Euronews : une crise identitaire dangereuse ?

Euronews : une crise identitaire dangereuse ?

Depuis quelques semaines, la chaîne d’informations Euronews connaît des rebondissements décisifs et historiques. Alors que la direction négociait son plan de sauvegarde de l’emploi avec les syndicats, mais aussi l’arrivée au capital de NBC News, une partie de la rédaction s’est lancée dans un mouvement social qui pourrait avoir

Cette semaine, le vote électronique d’une motion de défiance était organisé, sans l’appui des  principaux syndicats. Sur plus de 800 salariés recensés , plus de 430 inscrits, parfois malgré eux,  291 votants, répondant à la question "Faites-vous confiance à la direction ?". Ainsi, au final , 205 personnes ont voté "non", 34 "oui" et les 52 autres ne se sont pas prononcés.

Parmi les contestataires bien sûr, les victimes du PSE validé par les syndicats sauf FO, comme les Ukrainiens qui voient leur département fermer et leurs emplois supprimés ou bien les Iraniens et les Arabes qui ont peur de perdre de la visibilité à l’antenne.

 

A contrario, un contre-mouvement s’est créé à la rédaction d’Euronews, avec la manifestation de près d’une centaine de salariés jeudi, dénonçant la dangerosité de la grève pour les deals négociés en ce moment par la chaîne.

Journalistes divisés, grévistes en pleine crise identitaire, la situation est particulièrement plus complexe qu’il n’ y parait .

 

Next, l’objet de tous les espoirs et de toutes les peurs

Car Euronews est à un carrefour. Entre 2003 et 2012, une stratégie d’expansion a permis la création de nombreuses langues financées. Un cercle vertueux qui a dynamisé l’emploi et conduit au déménagement d’Ecully à la Confluence. Mais qui arrive à son terme.

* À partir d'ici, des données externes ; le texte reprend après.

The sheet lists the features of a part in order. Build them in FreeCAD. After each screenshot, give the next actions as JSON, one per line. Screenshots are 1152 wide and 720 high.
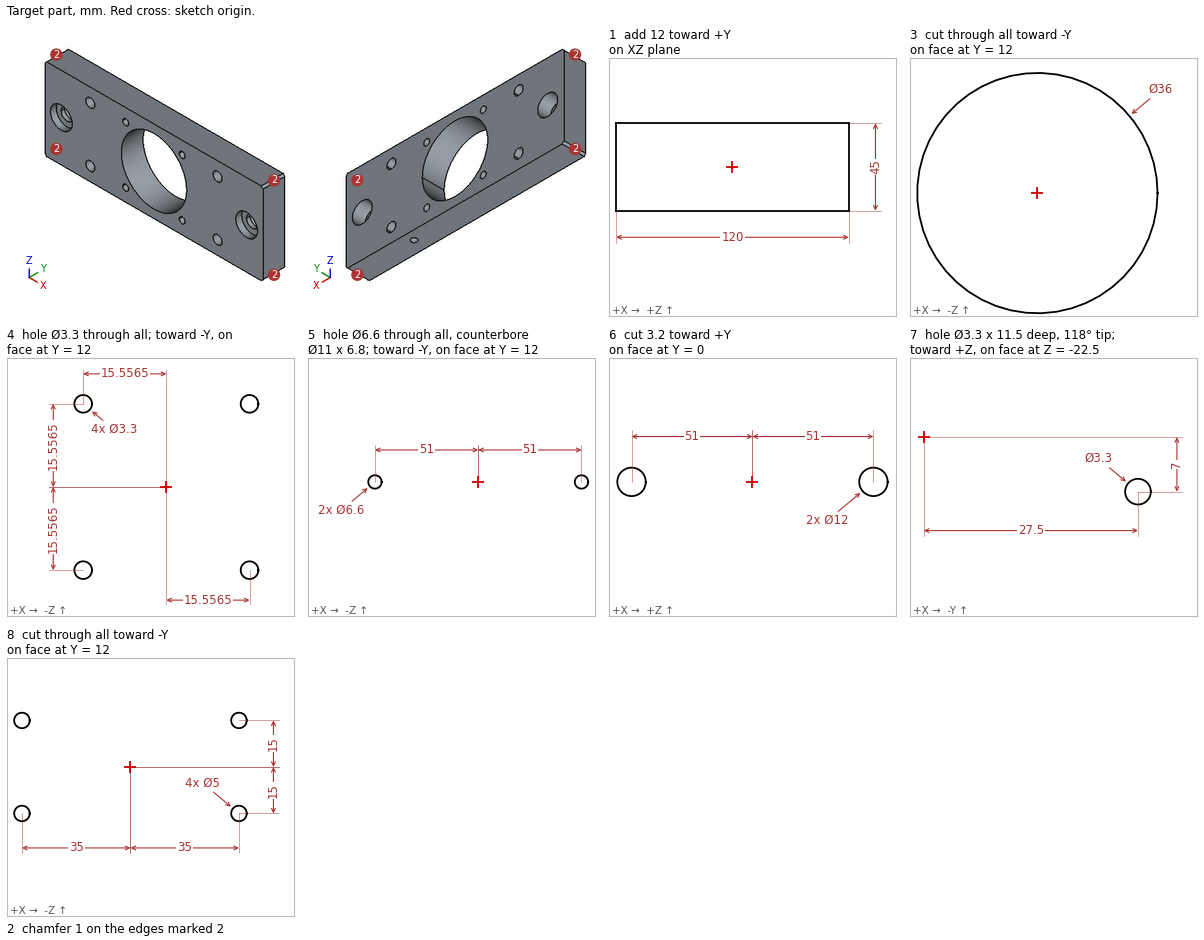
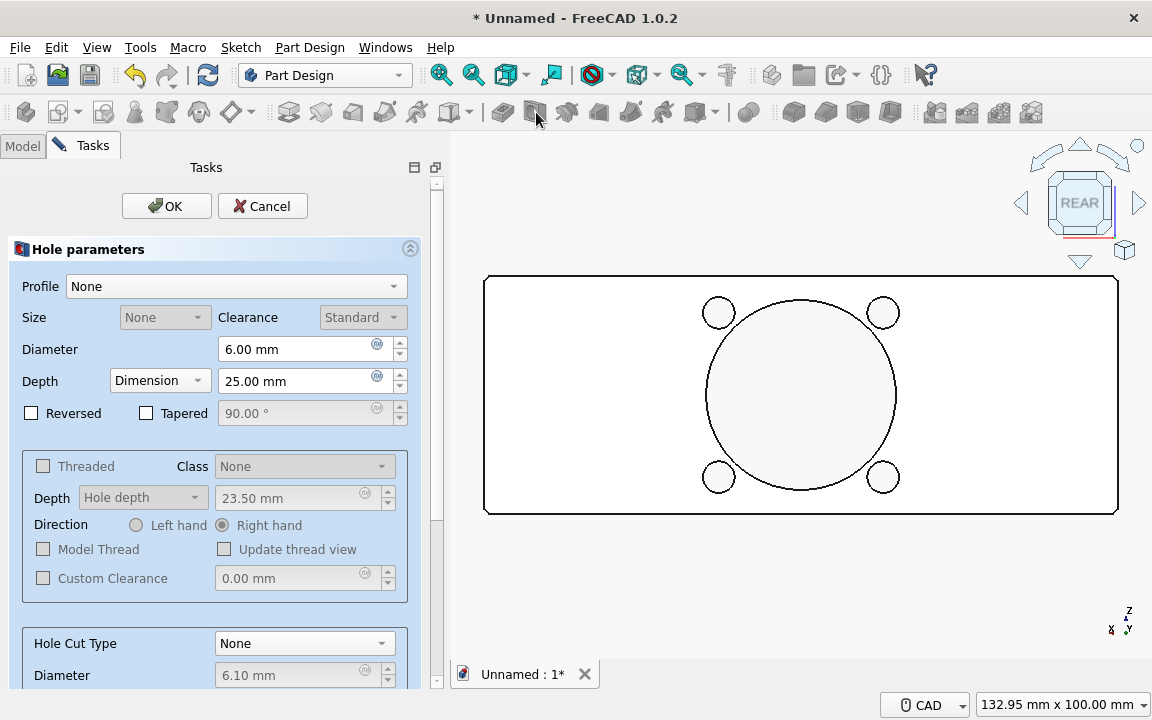
{"action": "triple_click", "coordinate": [305, 349]}

Aujourd’hui, la situation est devenue plus complexe. Pour Euronews, mais aussi pour tous ses concurrents qui baissent leurs effectifs de 30 à 40% comme BBC World ou Al-Jazeera. Le marché publicitaire décline, l’offre digitale dévore tout sur son passage, les coûts augmentent…

 

Michael Peters, président du directoire d’Euronews, conscient de cette situation s’était alors lancé dès 2011 dans une croisade : convaincre tous les actionnaires qu’il fallait changer la façon de faire à Euronews, qui devait s’ouvrir au reste du monde qui aime et idéalise tant l’Europe. D’où l’arrivée en 2015 d’un actionnaire majoritaire égyptien, Naguib Sawiris, et la promesse de lancer Euronews Next, un grand chamboulement pour la rédaction et le contenu éditorial de la chaîne. Davantage de digital, de plateaux, des horaires de travail différents… pour être "en adéquation avec la chronologie de consommation de l'information", avait indiqué Michael Peters lors de la présentation de Next.

 

Autant de paramètres qui font qu’une partie de la rédaction a pris peur. Peur de perdre à jamais l’ambiance familiale qui régnait à Ecully avant le déménagement. Peur que l’ADN européen n’explose. Peur d’un avenir commercial pour leur chaîne. "Que restera-t-il de la vision originelle si Euronews devient une antenne de NBC en Europe", questionne Force Ouvrière, le seul syndicat à soutenir les craintes des frondeurs. Selon eux, Next est "rempli d’improvisation et d’amateurisme". C’est pourquoi certains  ont directement contacté NBC News pour les dissuader d’investir dans ce projet que les Américains avaient pourtant trouvé intéressant  au point de le soutenir. La commission européenne, premier partenaire historique d’Euronews, a également été convaincue par Euronews Next .

 

"Ce genre de pratiques nous scandalise. Car ce ne serait plus quelques emplois supprimés mais potentiellement la fermeture de l’entreprise, ce que nous n’acceptons pas", déclare le collectif de salariés Not in my name, créé pour contrer le mouvement initial.

Car si Next ne se fait pas, Euronews pourrait être obligée à terme de faire comme les autres : licencier 20 à 40% du personnel. Voire de mettre la clé sous la porte si NBC ou la Commission européenne se retiraient de l’aventure.

 

C’est dans ce contexte très serré que la direction d’Euronews continue de négocier avec NBC News. L’actualité sociale ne réjouit pas les Américains. Autant dire que le conseil de surveillance du 16 décembre risque d’être électrique, certains actionnaires devraient faire part de leur agacement et réclamer de la fermeté vis-à-vis de ceux qui mettent à mal l’avenir de leur chaîne.